Covid 19 bit: The most obvious bit here is – hey you can create online courses that students like to study! Strangely, this still seems to be big news. More helpfully, I think the model we developed for T171 is pretty useful to adapt and can help speed production. We had three blocks, each based around a published book. Students were directed to read parts of that, we created some content to expand on issues, and some to fill in gaps. Then there were activities to discuss and develop skills. But use of the books really helped create a spine for the modules. You could now do this by adapting OER content, for example an open textbook from BC Campus might form the spine, or some material from OpenLearn.

I’ll cover our scaling up model in a later post, but consider this assessment: we had no final exam and instead students created websites (we provided a free WYSIWYG HTML editor) which they submitted as zip files, which we then unpacked on to a server so the two independent markers could access them. We set out what the content of the website should address but not the style – and phew, did we get a range of designs! Clipart gifs were definitely a thing back then. But what I want to stress is that if we could do this with first year undergrad students on a distance ed course back in 1999, then you can find a way to do away with an exam in 2020.

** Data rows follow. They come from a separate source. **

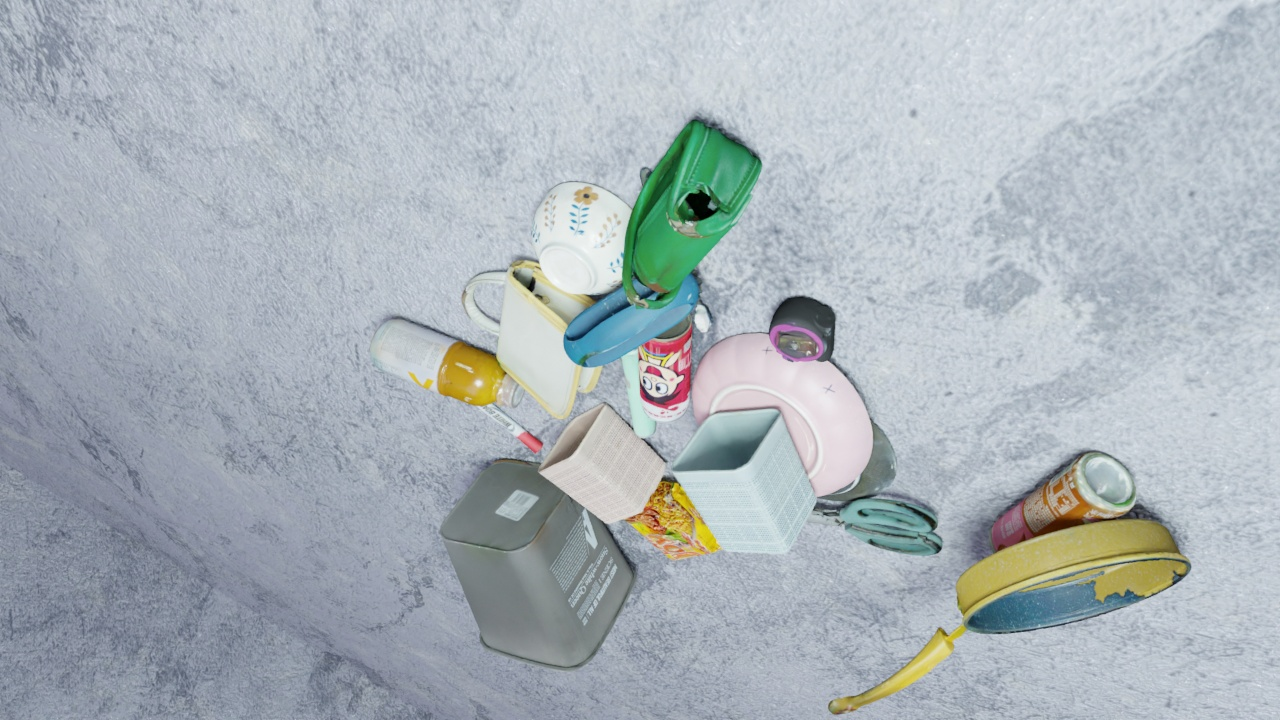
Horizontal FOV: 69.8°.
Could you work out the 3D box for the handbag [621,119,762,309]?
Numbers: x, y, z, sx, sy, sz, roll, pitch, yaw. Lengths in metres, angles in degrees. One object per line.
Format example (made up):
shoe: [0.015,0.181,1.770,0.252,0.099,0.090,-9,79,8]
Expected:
handbag: [0.033,-0.114,0.722,0.068,0.119,0.132,30,143,-10]

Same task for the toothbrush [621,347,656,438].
toothbrush: [-0.006,0.006,0.967,0.225,0.027,0.026,82,162,-47]

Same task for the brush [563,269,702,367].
brush: [-0.012,-0.037,0.825,0.144,0.073,0.055,-29,98,24]

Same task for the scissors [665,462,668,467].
scissors: [-0.008,0.160,1.169,0.133,0.012,0.173,10,138,26]

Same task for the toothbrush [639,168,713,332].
toothbrush: [0.033,-0.096,0.830,0.016,0.018,0.181,0,133,29]

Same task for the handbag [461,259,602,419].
handbag: [-0.116,-0.041,0.975,0.179,0.063,0.164,38,146,14]

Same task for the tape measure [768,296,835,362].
tape measure: [0.143,-0.026,0.816,0.058,0.039,0.057,16,142,19]

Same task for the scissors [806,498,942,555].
scissors: [0.243,0.184,1.005,0.180,0.019,0.143,-4,142,36]

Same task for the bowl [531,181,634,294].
bowl: [-0.055,-0.102,0.846,0.113,0.062,0.114,18,141,16]

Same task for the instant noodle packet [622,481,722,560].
instant noodle packet: [0.039,0.204,1.150,0.111,0.044,0.128,-19,127,41]

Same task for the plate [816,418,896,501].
plate: [0.175,0.096,0.953,0.179,0.024,0.180,19,142,15]

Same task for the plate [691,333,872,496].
plate: [0.129,0.064,0.900,0.192,0.038,0.193,22,134,24]

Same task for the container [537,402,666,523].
container: [-0.041,0.125,1.078,0.111,0.090,0.090,43,142,-14]

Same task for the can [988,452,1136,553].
can: [0.380,0.141,0.835,0.058,0.057,0.148,27,144,4]

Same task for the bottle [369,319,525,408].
bottle: [-0.228,0.008,1.090,0.189,0.067,0.068,20,143,14]

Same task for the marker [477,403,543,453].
marker: [-0.185,0.069,1.178,0.145,0.017,0.017,41,143,-14]

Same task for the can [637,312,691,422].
can: [0.024,0.004,0.922,0.053,0.053,0.133,18,142,16]

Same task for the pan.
pan: [0.327,0.249,0.860,0.358,0.078,0.197,-28,144,26]

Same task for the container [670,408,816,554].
container: [0.103,0.118,0.869,0.090,0.089,0.111,-8,120,42]

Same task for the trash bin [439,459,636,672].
trash bin: [-0.142,0.269,1.251,0.199,0.198,0.220,4,130,29]

For now, let us revel in some of that GIF magic, courtesy of GIFCities:

3 Comments

  1. Got another book in the works here, Martin? You’ve got a thing going with the 25 theme!

    I enjoyed this retrospective of what you achieved in the paleolithic web era, especially for humber of learners supported in T171. Even more impressive was the support the organization provided to do this, seemingly a rarity these days where mostly institutions look for Large Scale Systems rather than the web itself.

    But also, your post illustrates the subtlety I enjoy most about publishing outside of fancy boxes is the discovery via a curious link click, your paper on the use of narrative in T171. This was something I missed while pondering last year the idea of courses driven by narrative.

    Has there ever been an effort to follow up with those early students to see what the course experience meant to them?

    Carry on, I’m a regular reader of all the 25 year old stuff.